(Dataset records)

■ ■ ■ ■ ■

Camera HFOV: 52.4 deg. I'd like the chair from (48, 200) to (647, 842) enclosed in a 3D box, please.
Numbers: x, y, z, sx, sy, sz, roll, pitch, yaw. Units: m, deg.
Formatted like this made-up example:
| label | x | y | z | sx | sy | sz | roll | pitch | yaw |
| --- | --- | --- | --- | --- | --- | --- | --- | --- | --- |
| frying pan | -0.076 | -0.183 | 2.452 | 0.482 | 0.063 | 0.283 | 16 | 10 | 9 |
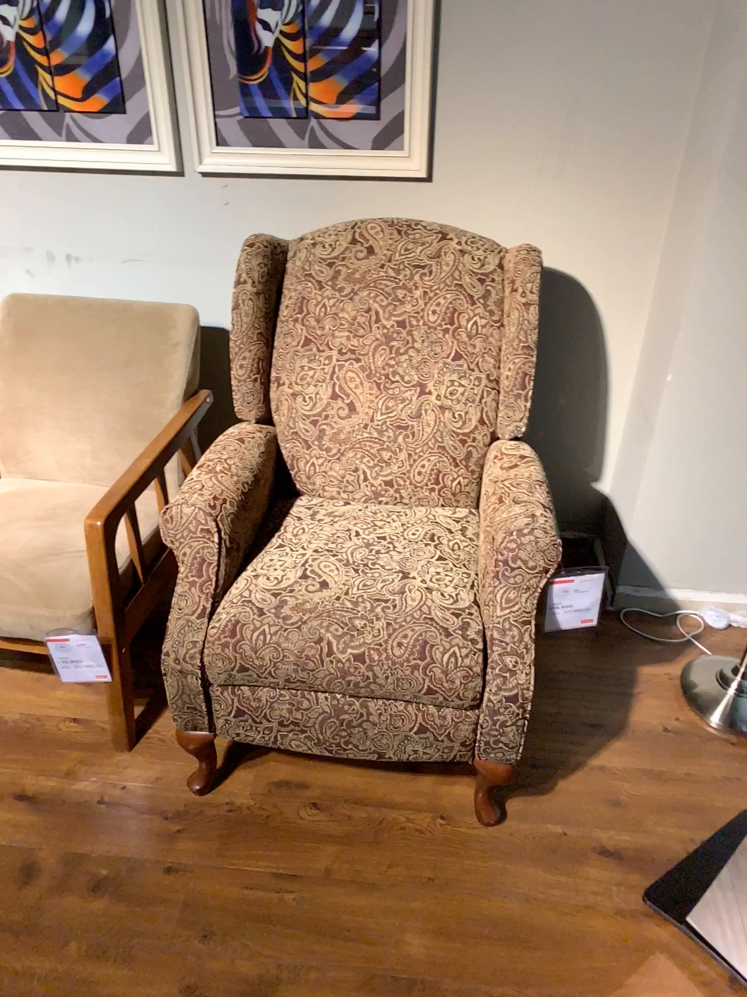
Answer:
| label | x | y | z | sx | sy | sz | roll | pitch | yaw |
| --- | --- | --- | --- | --- | --- | --- | --- | --- | --- |
| chair | -0.012 | 0.004 | 1.518 | 0.750 | 0.956 | 0.763 | 5 | 32 | 5 |

■ ■ ■ ■ ■

- Required action -
Restate each of the entries above word for word and skip every image.

- Response to the exercise -
Camera HFOV: 52.4 deg. I'd like the chair from (48, 200) to (647, 842) enclosed in a 3D box, please.
Numbers: x, y, z, sx, sy, sz, roll, pitch, yaw. Units: m, deg.
Formatted like this made-up example:
| label | x | y | z | sx | sy | sz | roll | pitch | yaw |
| --- | --- | --- | --- | --- | --- | --- | --- | --- | --- |
| frying pan | -0.076 | -0.183 | 2.452 | 0.482 | 0.063 | 0.283 | 16 | 10 | 9 |
Answer:
| label | x | y | z | sx | sy | sz | roll | pitch | yaw |
| --- | --- | --- | --- | --- | --- | --- | --- | --- | --- |
| chair | -0.012 | 0.004 | 1.518 | 0.750 | 0.956 | 0.763 | 5 | 32 | 5 |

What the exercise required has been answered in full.